## Task statement
In this exercise, retype exactly and only the lines from the top of the entries below through the line that holds "the MidWest ?", omitting pictures.

## Records shown

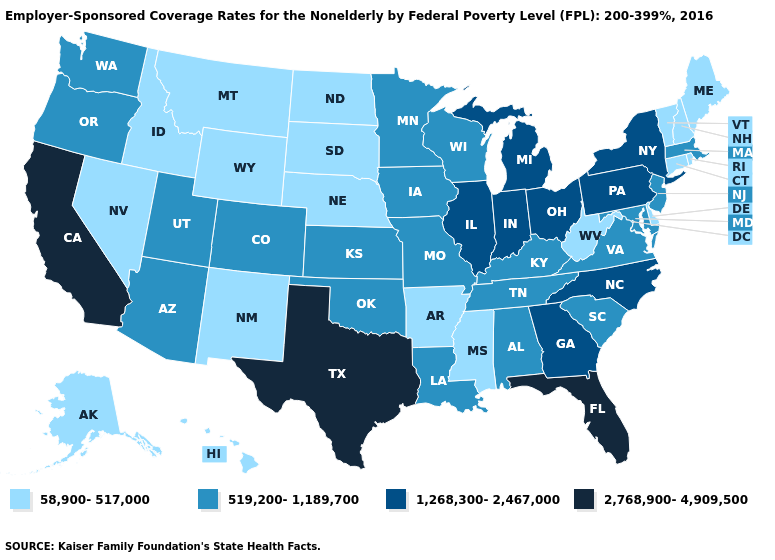Does New Jersey have the same value as Oklahoma?
Be succinct. Yes. Does Texas have the lowest value in the South?
Be succinct. No. What is the highest value in states that border Minnesota?
Keep it brief. 519,200-1,189,700. Does Massachusetts have the highest value in the USA?
Short answer required. No. What is the lowest value in states that border Michigan?
Give a very brief answer. 519,200-1,189,700. Name the states that have a value in the range 2,768,900-4,909,500?
Write a very short answer. California, Florida, Texas. Which states have the lowest value in the USA?
Answer briefly. Alaska, Arkansas, Connecticut, Delaware, Hawaii, Idaho, Maine, Mississippi, Montana, Nebraska, Nevada, New Hampshire, New Mexico, North Dakota, Rhode Island, South Dakota, Vermont, West Virginia, Wyoming. What is the highest value in the MidWest ?
Concise answer only. 1,268,300-2,467,000. Name the states that have a value in the range 58,900-517,000?
Answer briefly. Alaska, Arkansas, Connecticut, Delaware, Hawaii, Idaho, Maine, Mississippi, Montana, Nebraska, Nevada, New Hampshire, New Mexico, North Dakota, Rhode Island, South Dakota, Vermont, West Virginia, Wyoming. Is the legend a continuous bar?
Keep it brief. No. Which states have the highest value in the USA?
Quick response, please. California, Florida, Texas. Does Maryland have the lowest value in the USA?
Concise answer only. No. Does Florida have the highest value in the USA?
Quick response, please. Yes. Which states have the highest value in the USA?
Write a very short answer. California, Florida, Texas. What is the highest value in the USA?
Concise answer only. 2,768,900-4,909,500. 
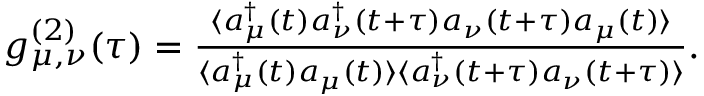<formula> <loc_0><loc_0><loc_500><loc_500>\begin{array} { r } { g _ { \mu , \nu } ^ { ( 2 ) } ( \tau ) = \frac { \langle { a _ { \mu } ^ { \dag } ( t ) } { a _ { \nu } ^ { \dag } ( t + \tau ) } { a _ { \nu } ( t + \tau ) } { a _ { \mu } ( t ) } \rangle } { \langle { a _ { \mu } ^ { \dag } ( t ) } { a _ { \mu } ( t ) } \rangle \langle { a _ { \nu } ^ { \dag } ( t + \tau ) } { a _ { \nu } ( t + \tau ) } \rangle } . } \end{array}</formula> 
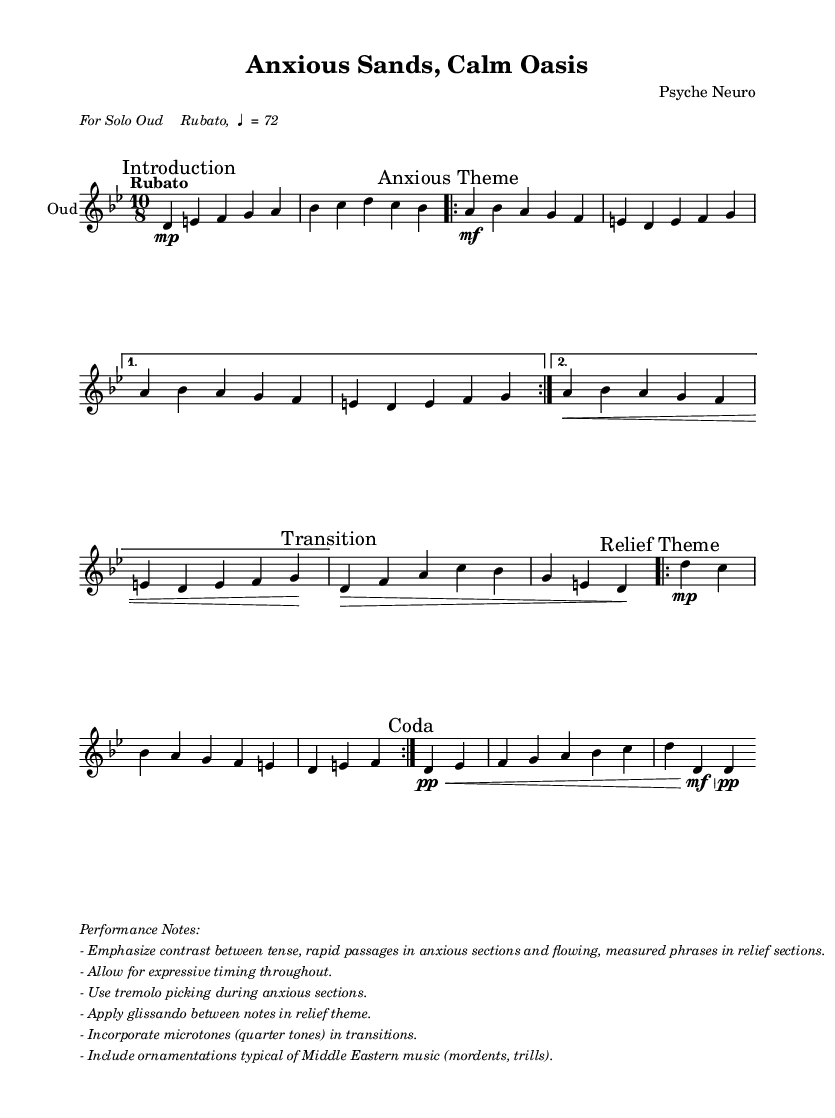What is the time signature of this music? The time signature is indicated at the beginning of the piece, shown as 10/8. This means there are ten eighth notes in each measure.
Answer: 10/8 What is the key signature of this music? The key signature is specified as D Phrygian, which typically uses the notes of D minor scale but emphasizes the 2nd degree. In this case, it includes the notes D, E, F, G, A, B, and C.
Answer: D Phrygian What is the tempo marking for the composition? The tempo marking is located in the introductory section of the sheet music, indicating "Rubato, ♩ = 72", which suggests a flexible tempo at 72 beats per minute.
Answer: Rubato, ♩ = 72 How many times is the Anxious Theme repeated? It states that the Anxious Theme is to be repeated twice, as indicated by the "repeat volta 2" instruction.
Answer: Twice What performance technique is suggested for the anxious sections? The music suggests using "tremolo picking" in the anxious sections, which allows for rapid note execution, creating a feeling of tension.
Answer: Tremolo picking What should be emphasized in the contrast between themes? The performance notes explicitly indicate to emphasize the contrast between the tense, rapid passages in the anxious sections and the flowing, measured phrases in the relief sections.
Answer: Contrast What is a suggested ornamentation technique for Middle Eastern music featured in this piece? The performance notes recommend incorporating "ornamentations typical of Middle Eastern music", including techniques like mordents and trills, which are common in this musical tradition.
Answer: Mordents, trills 
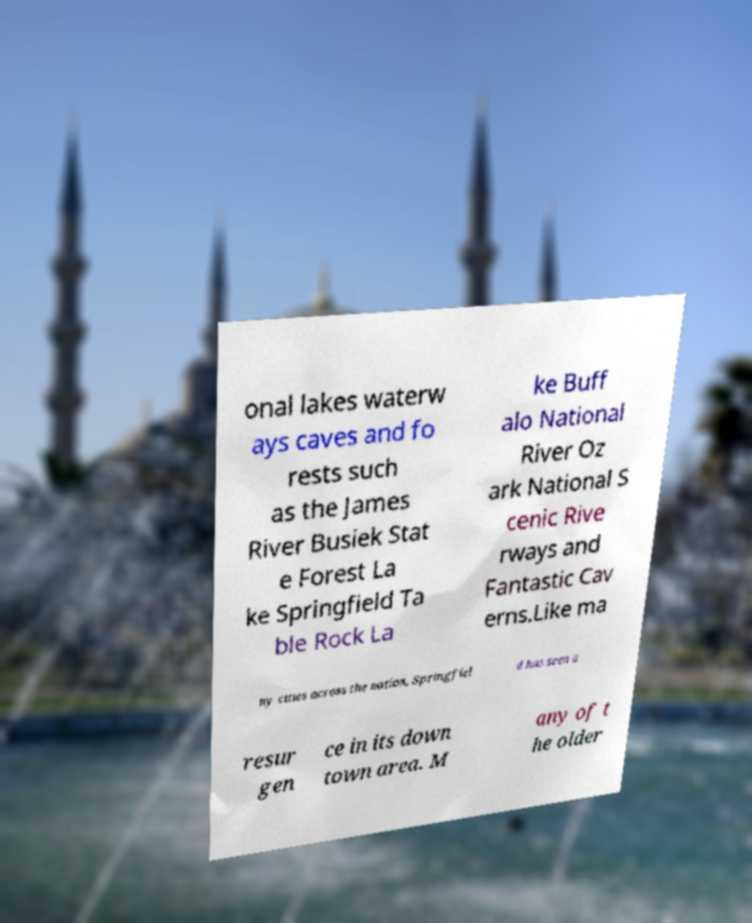Can you accurately transcribe the text from the provided image for me? onal lakes waterw ays caves and fo rests such as the James River Busiek Stat e Forest La ke Springfield Ta ble Rock La ke Buff alo National River Oz ark National S cenic Rive rways and Fantastic Cav erns.Like ma ny cities across the nation, Springfiel d has seen a resur gen ce in its down town area. M any of t he older

## Response box
Does New Jersey have the same value as Oklahoma?
Be succinct. Yes. Does Texas have the lowest value in the South?
Be succinct. No. What is the highest value in states that border Minnesota?
Keep it brief. 519,200-1,189,700. Does Massachusetts have the highest value in the USA?
Short answer required. No. What is the lowest value in states that border Michigan?
Give a very brief answer. 519,200-1,189,700. Name the states that have a value in the range 2,768,900-4,909,500?
Write a very short answer. California, Florida, Texas. Which states have the lowest value in the USA?
Answer briefly. Alaska, Arkansas, Connecticut, Delaware, Hawaii, Idaho, Maine, Mississippi, Montana, Nebraska, Nevada, New Hampshire, New Mexico, North Dakota, Rhode Island, South Dakota, Vermont, West Virginia, Wyoming. What is the highest value in the MidWest ?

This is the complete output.